Before he committed suicide last year, Erasmus recorded a tape detailing the broader abuse of homosexuals in the army, including how he was forced by his officers to participate in the gang rape of Angolan women, and how other gay soldiers were given hormone drugs.

"I am quite convinced that quite a few murders of gay people took place which we will never know of, and it was covered up. When people got trigger happy, gays were often the brunt of the bullet."

In practice, the army's treatment of gays was confused. Many found themselves in de facto "gay battalions", according to Mikki van Zyl, a researcher on the Aversion Project report.

"In Uppington, virtually the whole battalion was queer until some general decided this should be broken up. There was one in Grahamstown. There was another in Pretoria. For some of them, these were supportive environments," she said.

Some men joined the army specifically to get a sex change operation. But others were pressured into surgery by military psychologists after other methods failed. The army carried out as many as 50 sex change operations a year.

Lesbians were also offered surgery - one woman is among those left partially altered after the programme was shut down.

The Aversion Project report argues that the doctors concerned broke international law.

"Health workers in the [military] were expected to be loyal first to the state and its ideologies. It meant that some doctors flagrantly ignored terms from the Geneva convention and Tokyo declaration, and certainly showed no accountability to the national professional councils, nor best current practices. The stage was set for human rights abuses of patients under the care of such doctors."

Ms van Zyl says that while the army as an institution should be held accountable, Dr Levin has particular responsibility.

"He left a trail of experiments. He worked in environments where he had captive subjects and he abused them," she said.

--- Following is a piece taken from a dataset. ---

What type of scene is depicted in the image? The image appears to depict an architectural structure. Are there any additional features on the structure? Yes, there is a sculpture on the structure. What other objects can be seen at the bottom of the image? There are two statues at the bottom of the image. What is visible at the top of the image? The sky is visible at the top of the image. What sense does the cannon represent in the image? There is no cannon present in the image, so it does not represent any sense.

Dr Levin emigrated to Canada at about the time he was warned by the Truth and Reconciliation Commission in South Africa that he would be named as an abuser of human rights.

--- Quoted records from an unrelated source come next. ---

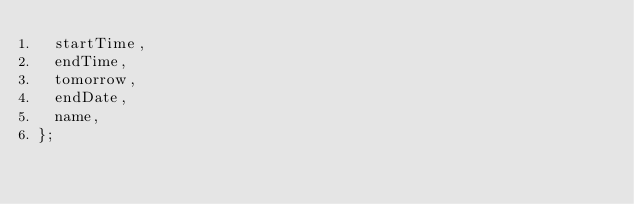Convert code to text. <code><loc_0><loc_0><loc_500><loc_500><_JavaScript_>  startTime,
  endTime,
  tomorrow,
  endDate,
  name,
};
</code> 
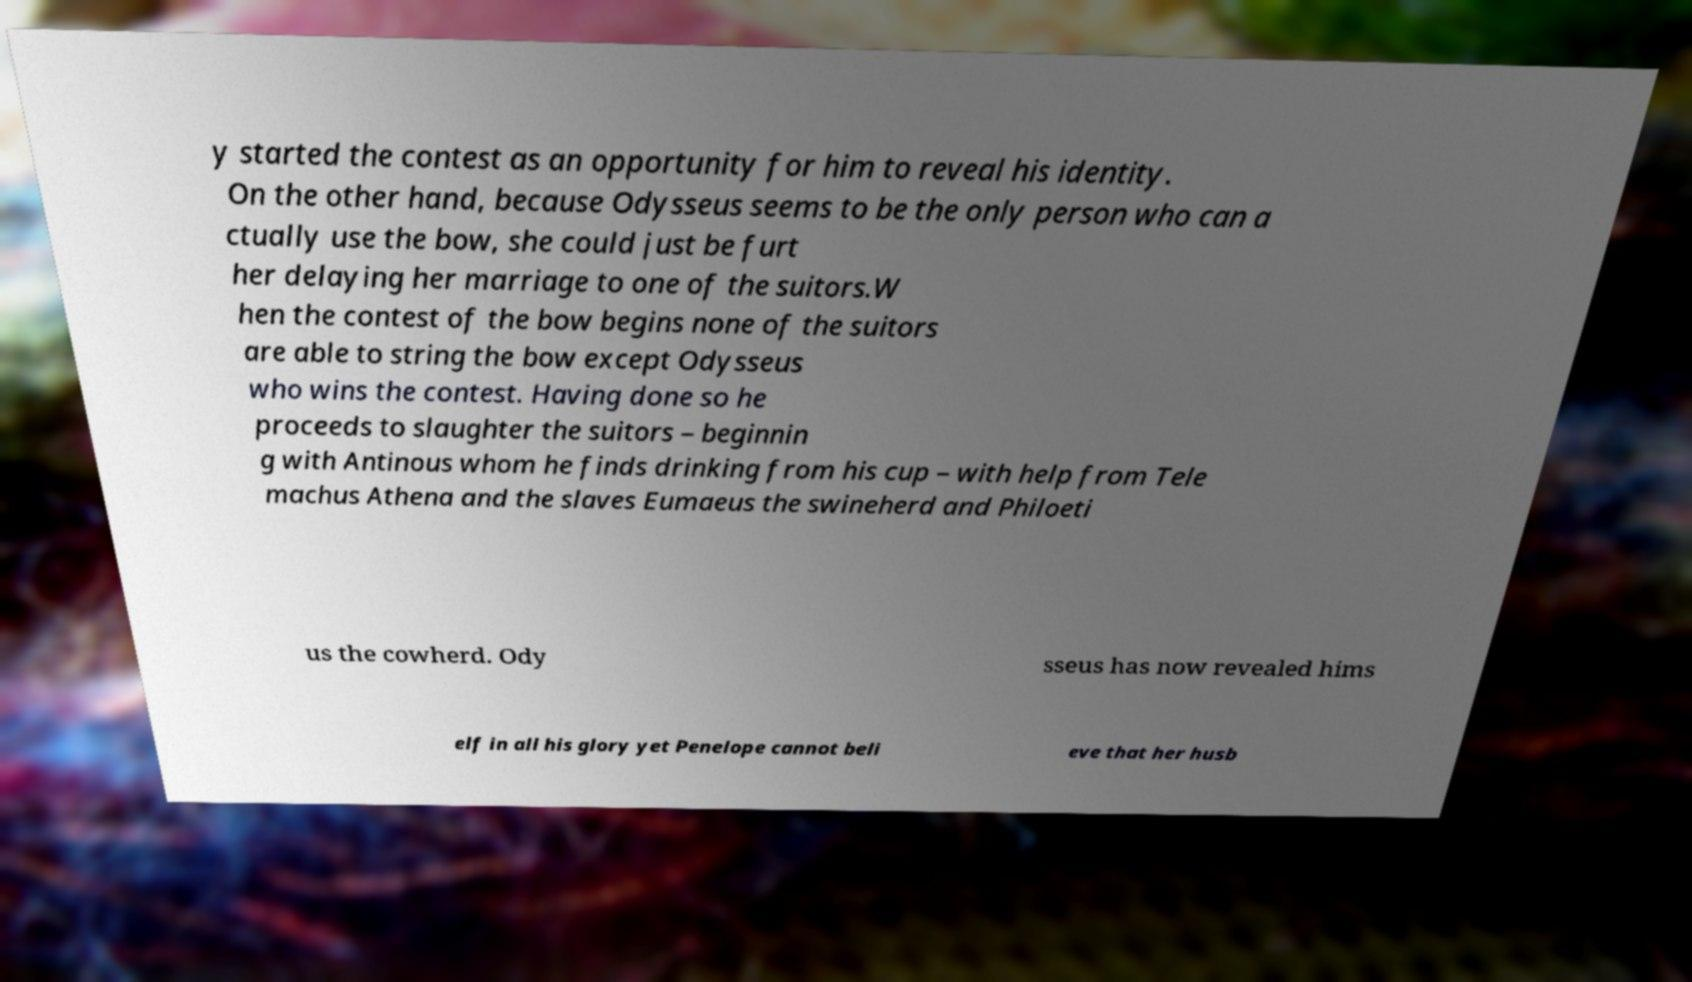Could you assist in decoding the text presented in this image and type it out clearly? y started the contest as an opportunity for him to reveal his identity. On the other hand, because Odysseus seems to be the only person who can a ctually use the bow, she could just be furt her delaying her marriage to one of the suitors.W hen the contest of the bow begins none of the suitors are able to string the bow except Odysseus who wins the contest. Having done so he proceeds to slaughter the suitors – beginnin g with Antinous whom he finds drinking from his cup – with help from Tele machus Athena and the slaves Eumaeus the swineherd and Philoeti us the cowherd. Ody sseus has now revealed hims elf in all his glory yet Penelope cannot beli eve that her husb 
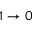<formula> <loc_0><loc_0><loc_500><loc_500>1 \rightarrow 0</formula>

Speaking to the Guardian from Canada, where he works at a teaching hospital, he said he left South Africa only because of the high crime rate, and denied the accusations against him.

"Nobody was given electric shock treatment by me. What we practised was aversion therapy. We caused slight, very slight, pain in the arm by contracting the muscles, using an electronic device," he said.

"Nobody was held against his or her will. We did not keep human guinea pigs, like Russian communists; we only had patients who wanted to be cured and were there voluntarily."